ECLI:NL:CRVB:2016:4958
Centrale Raad van Beroep
- Hoger beroep
- Rechtspraak.nl
Weigering WIA-uitkering op basis van arbeidsongeschiktheidseisen en medische beoordeling
In deze zaak heeft de Centrale Raad van Beroep op 21 december 2016 uitspraak gedaan in het hoger beroep van appellante tegen de weigering van haar WIA-uitkering door het Uitvoeringsinstituut werknemersverzekeringen (Uwv). Appellante, die als woonzorgbegeleidster werkte, meldde zich op 8 maart 2012 ziek met gewrichtsklachten. Na een aanvraag voor een WIA-uitkering op 16 december 2013, concludeerde de verzekeringsarts dat appellante minder dan 35% arbeidsongeschikt was, wat leidde tot de afwijzing van haar aanvraag. De rechtbank Den Haag verklaarde het beroep van appellante tegen deze beslissing ongegrond.

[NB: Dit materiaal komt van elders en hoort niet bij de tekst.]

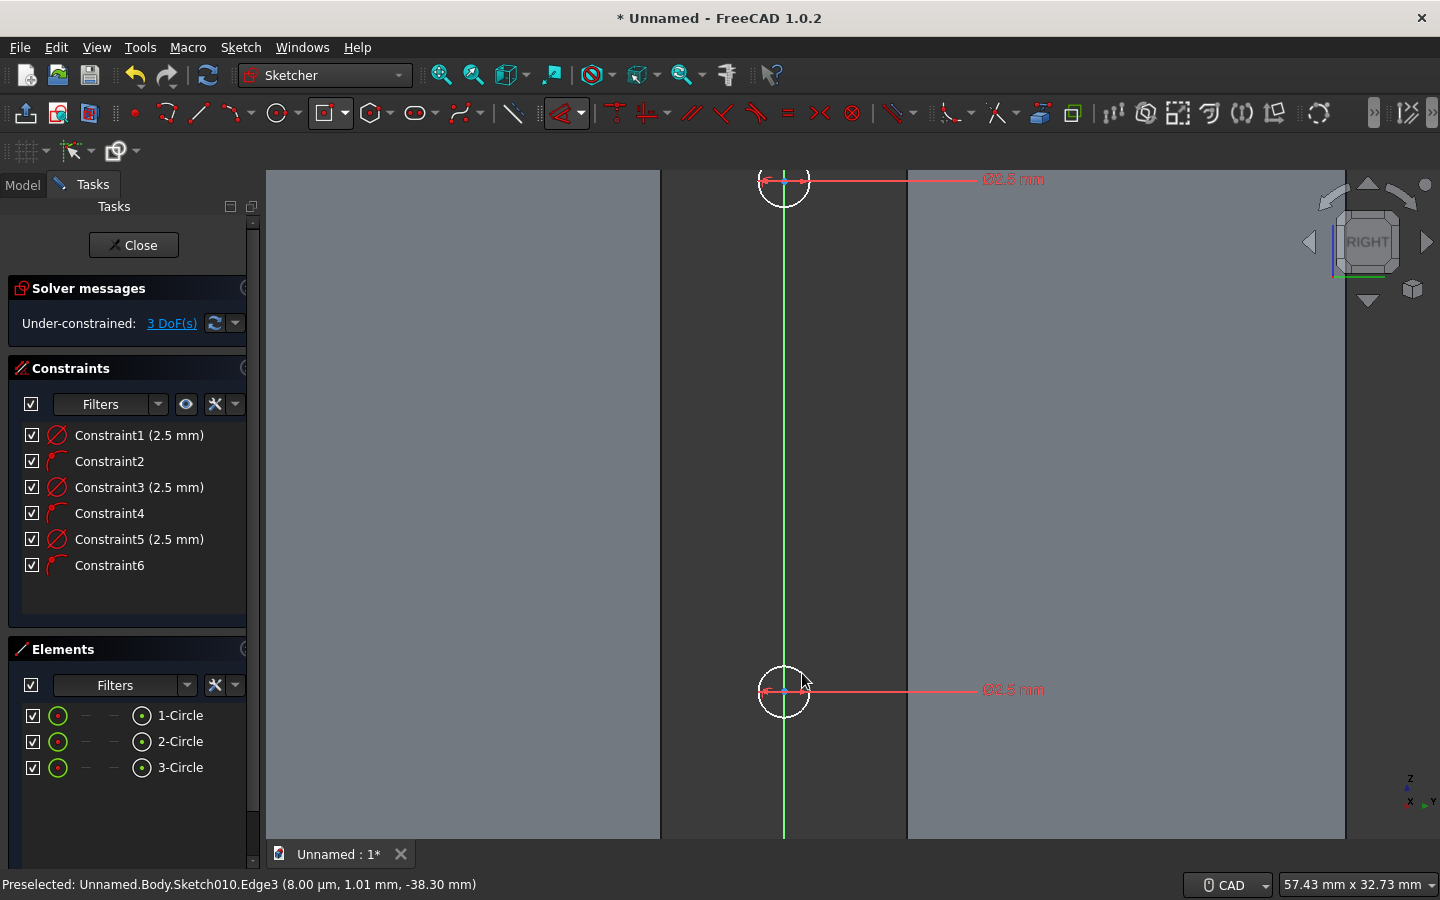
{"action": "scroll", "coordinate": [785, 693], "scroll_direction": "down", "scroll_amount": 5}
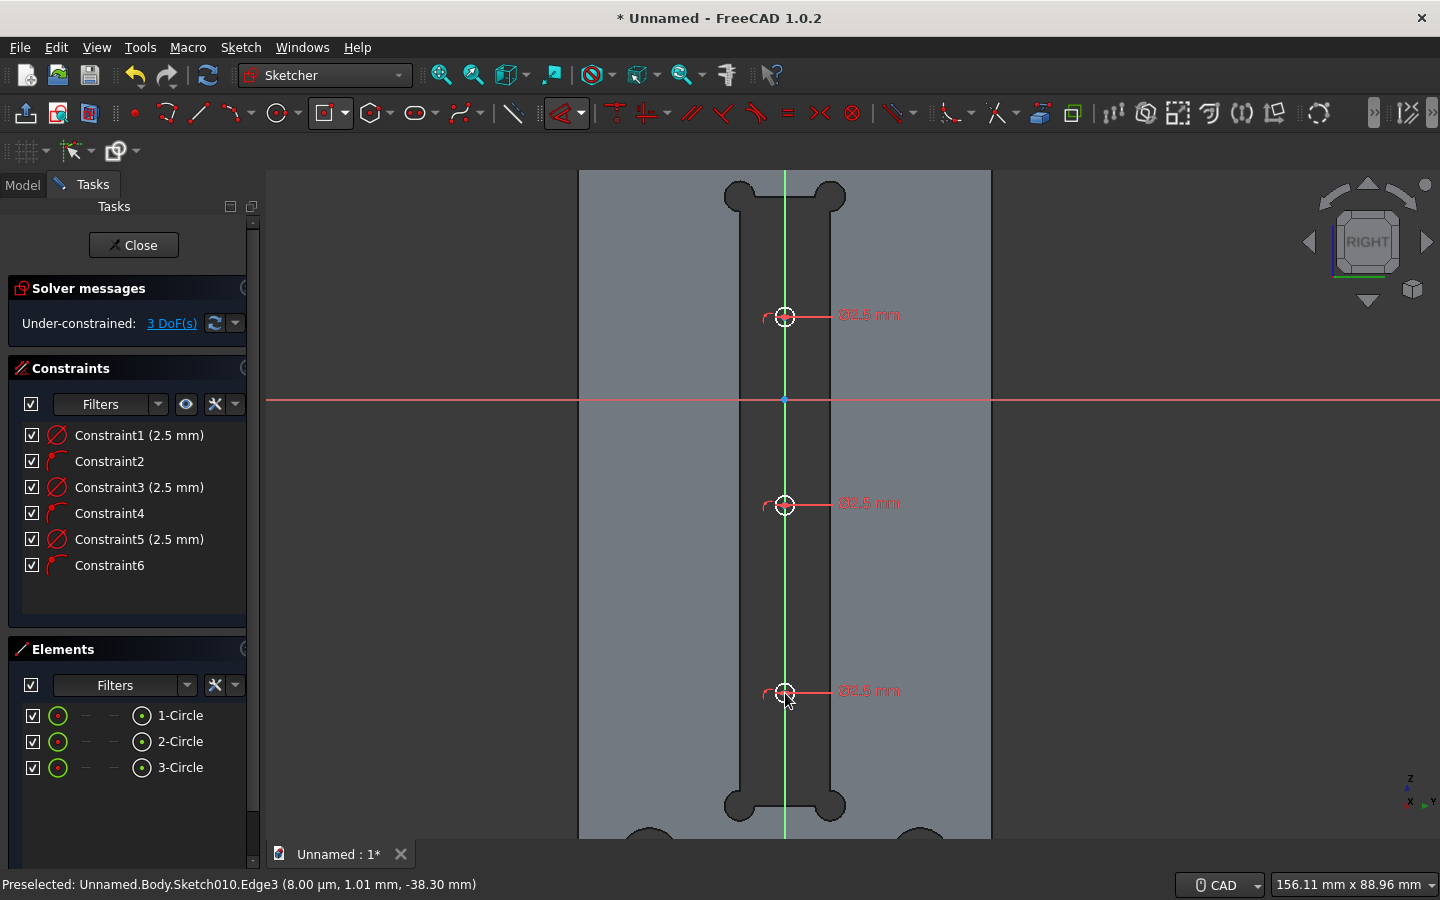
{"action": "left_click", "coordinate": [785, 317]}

In hoger beroep herhaalde appellante haar standpunt dat het Uwv haar beperkingen als gevolg van lichamelijke en psychische klachten had onderschat. De Raad beoordeelde de argumenten van appellante en de medische rapporten van haar behandelend artsen. De verzekeringsarts bezwaar en beroep had vastgesteld dat appellante lijdt aan fibromyalgie en psychische klachten, maar dat deze geen belemmering vormden voor het uitvoeren van geselecteerde functies. De Raad concludeerde dat het onderzoek naar de beperkingen en arbeidsmogelijkheden van appellante zorgvuldig was uitgevoerd en dat de conclusies van de verzekeringsarts juist waren.
De Raad bevestigde de eerdere uitspraak van de rechtbank en oordeelde dat er geen noodzaak was voor aanvullend deskundigenadvies. De uitspraak benadrukt het belang van een zorgvuldige medische beoordeling bij de vaststelling van arbeidsongeschiktheid en de toepassing van de Wet WIA.